Remember, the meaning of identifiers is to be identifiable. A user should not confuse one identifier with another. Only a program, IDE or library can properly check unicode identifiers, humans certainly not. Leaving such checks to a linter is not recommended, and they did’t even exist until now.

Motivation

with

    const [ ENV_PROD, ENV_DEV ] = [ 'PRODUCTION', 'DEVELOPMENT'];
    /* … */
    const environment = 'PRODUCTION';
    /* … */
    function isUserAdmin(user) {
        if(environmentǃ=ENV_PROD){
            // bypass authZ checks in DEV
            return true;
        }

        /* … */
        return false;
    }

where environmentǃ is an identifier, because the ǃ is the U+1C3 “LATIN LETTER ALVEOLAR CLICK”, a Technical, Lo identifier, completely flipping the logic.

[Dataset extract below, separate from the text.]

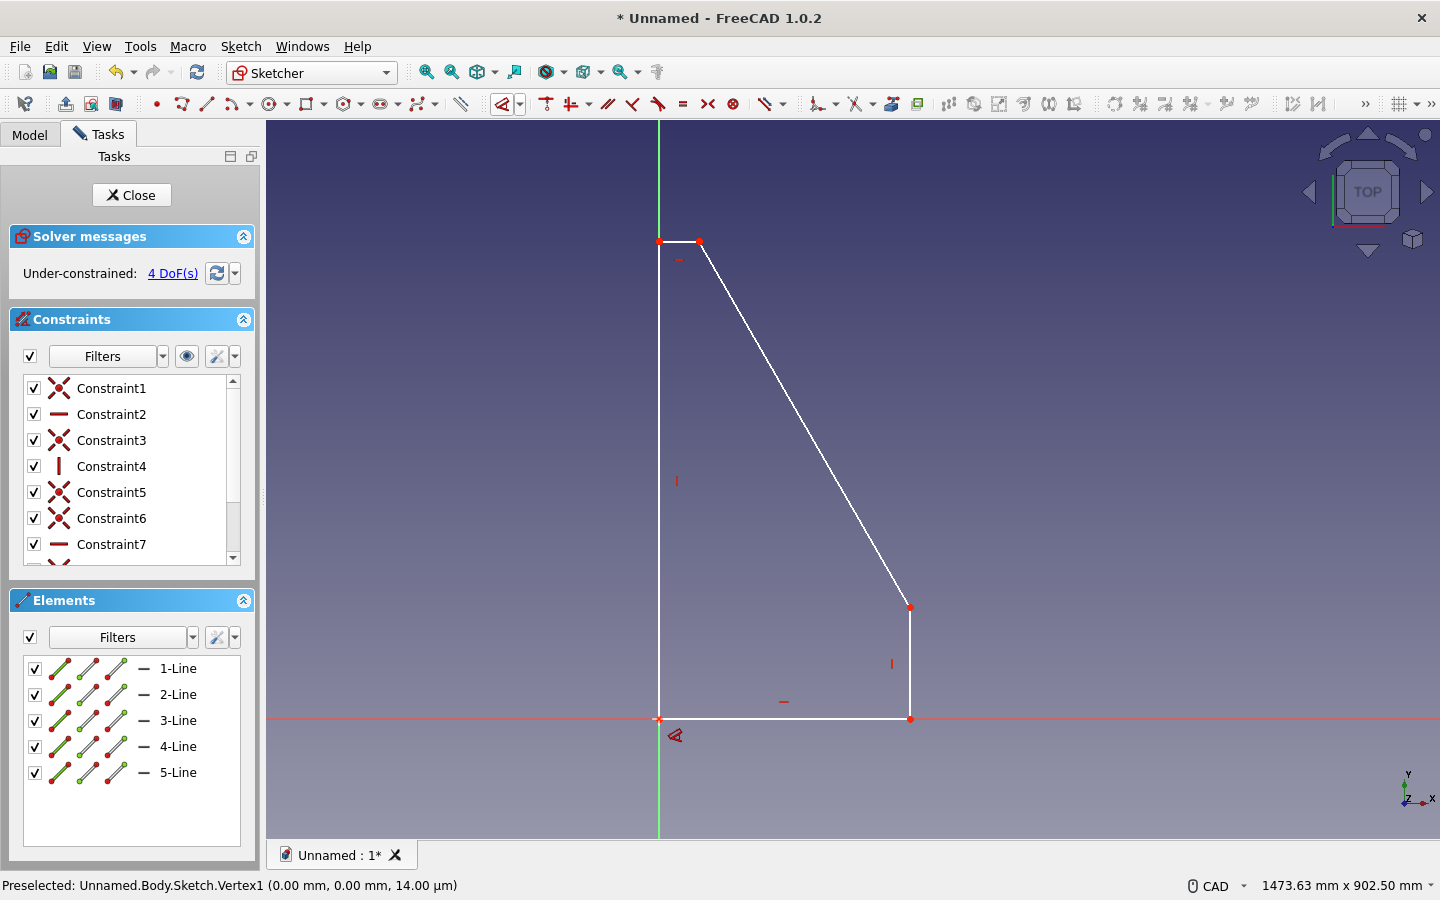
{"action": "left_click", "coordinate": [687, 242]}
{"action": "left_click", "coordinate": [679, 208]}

A safe TR31 ID set recommended by TR39 would have forbidden that. Such ID confusables with operators are U+1C0 ǀ, U+1C1 ǁ, U+1C3 ǃ. TR31 XID’s have a lot of insecure confusables, such as the Halfwidth and Fullwidth Forms, U+FF00..U+FFEF, the Arabic Presentation Forms-A: U+FB50–U+FDFF and Arabic Presentation Forms-B: U+FE70–U+FEFF. TR39 recommends only a subset.

There’s now even a Unicode taskforce, because of the https://trojansource.codes CVE’s, even when they were about bidi overrides, not identifiers.

Valid characters

Each identifer must start with a ID_Start and continue with a ID_Continue matcher. See TR31. As perl regex:

 / (?[ ( \p{Word} & \p{XID_Start} ) + [_] ])
   (?[ ( \p{Word} & \p{XID_Continue} ) ]) * /x

The tokenizer has variable options for the start and cont matchers. The default is to use none. This is normally done by a parser, to the library you just pass the len or null-terminated identifier. Optionally we can check for proper XID_Start/XID_Continue properties also. But this may not use the optimization -DDISABLE_CHECK_XID.

With the optional U8ID_TR31 options we check for valid UTF-8 encoding, valid ID_Start/Continue properties and allowed script of each character.

Some parsers also need to check for allowed medial characters, which are not allowed at the very end of an identifier. Esp. for unrestrictive mixed-script security profiles or insecure xid ranges. All the UCD ID_Start and XID_Start properties incorrectly list them there, and not in X?ID_Continue btw.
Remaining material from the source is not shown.